Abstract
Background and Purpose
The cause of initial ischemic stroke in up to 30% of young patients remains unclear. Fabry disease, due to deficient α-galactosidase A (α-Gal A) activity, is a vascular endothelial glycosphingolipid storage disease typically presenting in childhood. With advancing age, patients develop renal, cardiac, and cerebrovascular disease and die prematurely. A European study suggested an increased prevalence of unrecognized Fabry disease in patients with cryptogenic stroke. We hypothesized that α-Gal A deficiency is a rare cause of initial early-onset ischemic stroke in men.
Methods
The Stroke Prevention in Young Men Study enrolled >550 men (15 to 49 years) with first ischemic stroke in the Baltimore–Washington area in 2004 to 2007. Frozen plasma samples were assayed for α-Gal A activity, and DNA from patients with consistently low plasma α-Gal A activities were sequenced.
Results
The study sample consisted of 558 men (42% African-American; median age 44 years). Stroke was cryptogenic in 154 men (40% African-American). In 10 patients with low plasma α-Gal A activities, DNA sequencing identified alterations in the α-Gal A gene in 2 patients. The polymorphism, D313Y, which results in low plasma enzyme activity, but near normal levels of cellular activity was seen in one European-American male. The Fabry disease-causing A143T mutation was seen in an African-American male with cryptogenic stroke (0.18% of all strokes: upper 95% CI=0.53%; 0.65% of cryptogenic strokes: upper 95% CI=1.92%).
Conclusions
In this biracial population, unrecognized Fabry disease is a rare but treatable cause of initial ischemic stroke in young men.
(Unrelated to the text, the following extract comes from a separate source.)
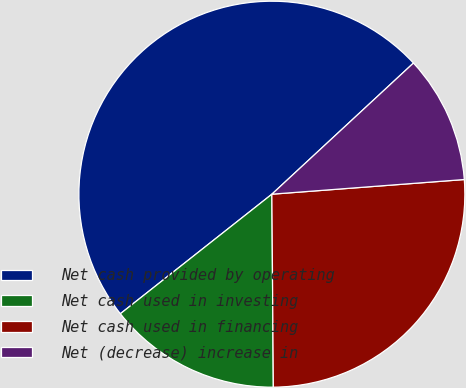<chart> <loc_0><loc_0><loc_500><loc_500><pie_chart><fcel>Net cash provided by operating<fcel>Net cash used in investing<fcel>Net cash used in financing<fcel>Net (decrease) increase in<nl><fcel>48.74%<fcel>14.49%<fcel>26.09%<fcel>10.68%<nl></chart> 
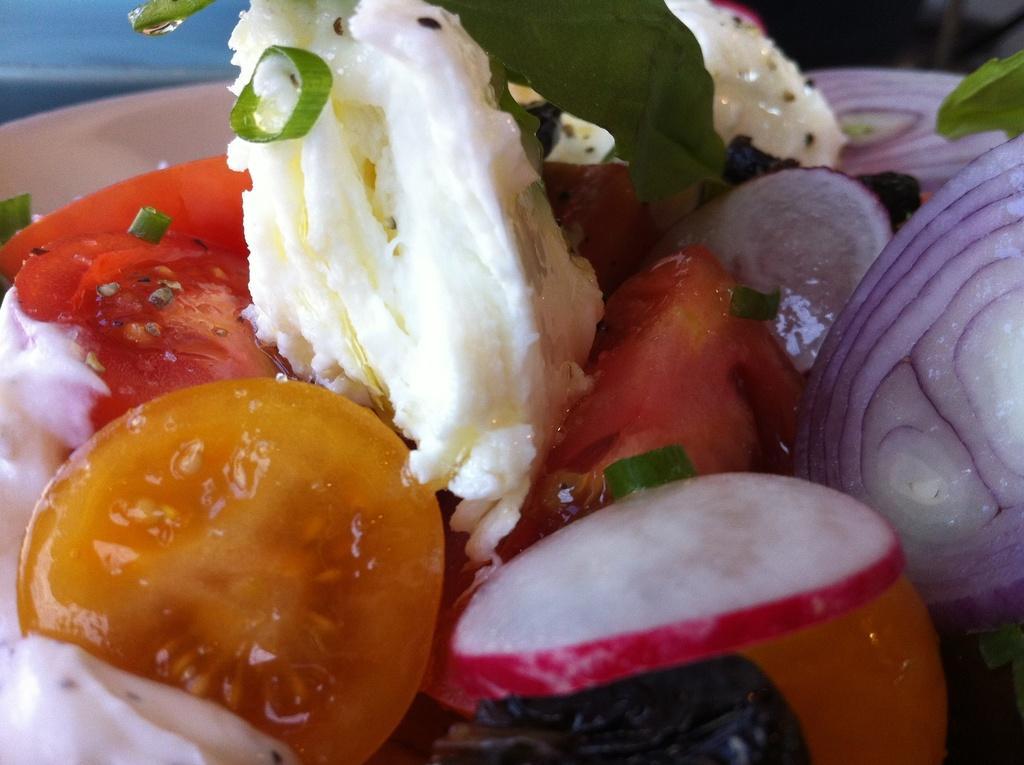Describe this image in one or two sentences. In this image I can see a white color plate which consists of some food items in it.

Keywords: brain infarction, genetic diseases, genetic screening, Fabry disease, stroke, X-linked
Fabry disease, due to deficient α-galactosidase A (α-Gal A) activity, is a vascular endothelial glycosphingolipid storage disease that has 2 major subtypes. The classic phenotype typically presents in affected males in childhood or early adolescence with angiokeratoma, acroparesthesias, hypohidrosis, gastrointestinal cramping and diarrhea, and corneal changes. With advancing age, affected males develop renal, cardiac, and cerebrovascular disease and die prematurely in the fourth or fifth decades of life.1 Affected males with the later-onset phenotype do not have the early manifestations of the classic phenotype and present later in life with cardiac and/or renal disease.2,3 In a series of >37 000 Italian newborn males, the incidence of mutations causing classic Fabry disease was approximately one in 37 000, whereas one in approximately 4600 males had mutations predicting the later-onset phenotype.4 Furthermore, screening has identified previously unrecognized α-Gal A deficiency in approximately 0.20% to 1.0% of hemodialysis patients5–8 and in 3% to 4% of patients with left ventricular hypertrophy or hypertrophic cardiomyopathy.3,9–11 This suggests that many patients with the later-onset phenotype Fabry disease are not diagnosed.
Recently, a German study reported previously unrecognized α-Gal A deficiency in 4.9% of 432 young men with initial and recurrent cryptogenic ischemic strokes.12 However, Brouns et al13 in a smaller study of 64 Belgian men with cryptogenic strokes did not identify any patients with α-Gal A deficiency. Thus, the prevalence of unrecognized Fabry disease among young patients with ischemic strokes remains unclear, particularly among patients with first stroke or strokes attributed to other causes. We report our findings on the frequency of undiagnosed Fabry disease in young men presenting with an initial ischemic stroke in a multiracial American population.
Methods
Patient Population
The Stroke Prevention in Young Men Study is a population-based case–control study initiated to examine risk factors for ischemic stroke in young men. Study recruitment and data collection were conducted between 2003 and 2008. Cases were men, aged 15 to 49 years, hospitalized with a first cerebral infarction identified by discharge surveillance from one of 51 hospitals in the greater Baltimore–Washington area and direct referral from regional neurologists. The methods for discharge surveillance, chart abstraction, case adjudication, and assignment of probable and possible underlying causes have been described elsewhere.14,15 Recruitment within 3 years of stroke was required for enrollment of cases. Control subjects were men free of a history of stroke identified by random-digit dialing and were frequency-matched to the cases by age and geographic region of residence.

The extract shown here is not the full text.